И хотя бекон мешал ассоциативно-творческому полёту мысли, всё же многое открывалось и без усилий. Например, очевидно, что в цикле мифов о праотцах все предки рождались в результате непорочного зачатия. Вот, прародительница иньцев случайно проглотила яйцо священной Пурпурной Птицы, а мать чжоусца стопой попала в след Великана. А рождение бога так же мучительно, как и любое рождение? И всё же параллельно с живым интересом, который я проявлял к китайскому непорочному зачатию, тихо зудело под ложечкой.
– Я думаю, вы знаете, с чем я к вам пришёл, – с вызовом сказал я, подловив Виктора Степановича у входа в класс.
Было сумрачно, кажется, что дождь лил прямо в мастерской и смывал характеристики его лица. Или он прикрывался дождём, скрывая их самостоятельно… Невероятно нечитаемым существовало его лицо в том тускло-родном коридоре Монмартра.
– Не знаю. Продолжайте, – без всякого дьяволизма произнёс он.
Сложно было разобрать, куда он смотрит: не то в глаза, не то в переносицу, что создаёт японский эффект, как будто в глаза. И как же мне захотелось отменить своё решение, выбросить «свободы», перформансы, писания на полу и прочие глупости! Как же мне хотелось ляпнуть какую-нибудь чушь, затем замяться и остаться, но озарившись вспышкой этой человеческой слабости, я тут же метнулся к принятому решению.
– Полагаю, мне стоит уйти из школы. Хотел поблагодарить вас, Виктор Степанович, за прекрасные годы обучения, – сказал я, чувствуя ком в горле.
– Всего хорошего, Бажен, – коротко ответил он, едва заметно наклонив голову вперёд.
Это был не кивок дружбы, не знак дистанции или субординации, это было что-то глубоко затаённое и тут же похороненное в самом себе за неясностью обстоятельств. Признаться, я до сих пор теряюсь в догадках: как мне довелось пойти на такой шаг, что значил тот кивок, как ко мне относился Ерошевич и чего он хотел? Накрутить себя от начала и до конца я не мог, ведь он не подал руки. Вероятно, что-то присовокупил или сгустил краски, однако, несмотря на это, одно зерно во всей истории было явно истинным и подтверждалось наблюдениями со стороны – его отношение ко мне отличалось от отношения к другим.
Отойдя от двери, я испытал замедление. Может, мне хотелось нырнуть в подвал, зарыться там среди фигур, рам и паутин, надышаться этим воздухом со вкусом сырости и красок и уснуть? Всё вокруг как будто находилось в таком же замедленном состоянии.
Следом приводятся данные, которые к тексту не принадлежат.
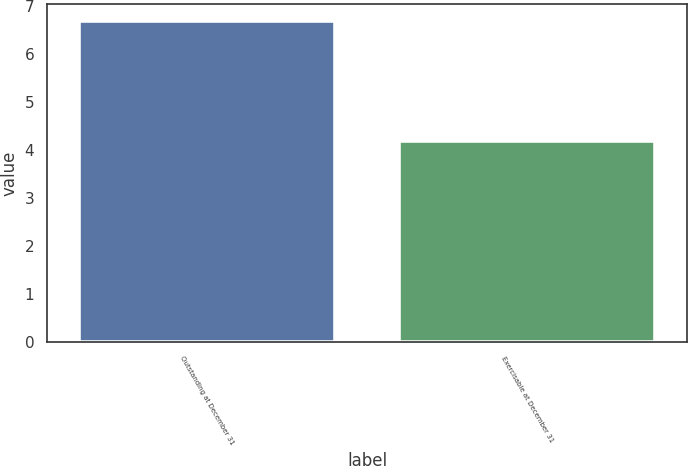Convert chart to OTSL. <chart><loc_0><loc_0><loc_500><loc_500><bar_chart><fcel>Outstanding at December 31<fcel>Exercisable at December 31<nl><fcel>6.7<fcel>4.2<nl></chart>

Да так явно, что в пространстве рисовался тормозной путь: стены, плафоны, гардины, гугеноты, треугольники туалетов, плинтуса, форточки, сам дождь – всё сбросило скорость и волочилось медленно и бессильно, пытаясь уцепиться за мои плечи и повиснуть на них. И как же устрашающе покойно мне было в те минуты последнего и безвозвратного ухода из мастерской… И как же угрожающе роскошно было ощущать себя лишённым «я» в этом заторможенном вакууме, где одна форма перетекает в другую, меняя личину, а та в третью, и разницы между мной и плафоном отнюдь никакой, потому что в следующее мгновение (несравненно долгое) судьба (или природа вещей?) велит перевернуться треугольником юбочкой вниз, остриё направив к пасмурным небесам…
На улице замедление не рассеялось. Наоборот, от большого множества разномастных элементов скорость не просто сбросилась, а сравнялась с нулём, и реальность, как фотография, замерла и покрылась матовым ламинатором, избавившим её от внезапных и отвлекающих бликов. Состояние это не было особо уютным, но уныния тоже не нагоняло. Да и на кого нагонять тоску, когда «я» исчезло? Зато натурой тогда сам бог велел стать, и репейником, и парламентом во рту, и булочницей, торгующей святым и бескровным хлебом насущным. Pars pro toto. Умявши булочку с изюмом, я более или менее вернулся к «я», перестав себя чувствовать всем окружающим, и решил, что нельзя отпускать пойманный дух времени и пора бы сделать что-то значительное, чтоб Вселенная меня заметила. Вот прям так прошлась звёздно-солнечным лучом и остановилась на мне. А я ей с улыбкой махнул и крикнул, будто она сомневается: «Играем-играем! Чего ж не поиграть-то!»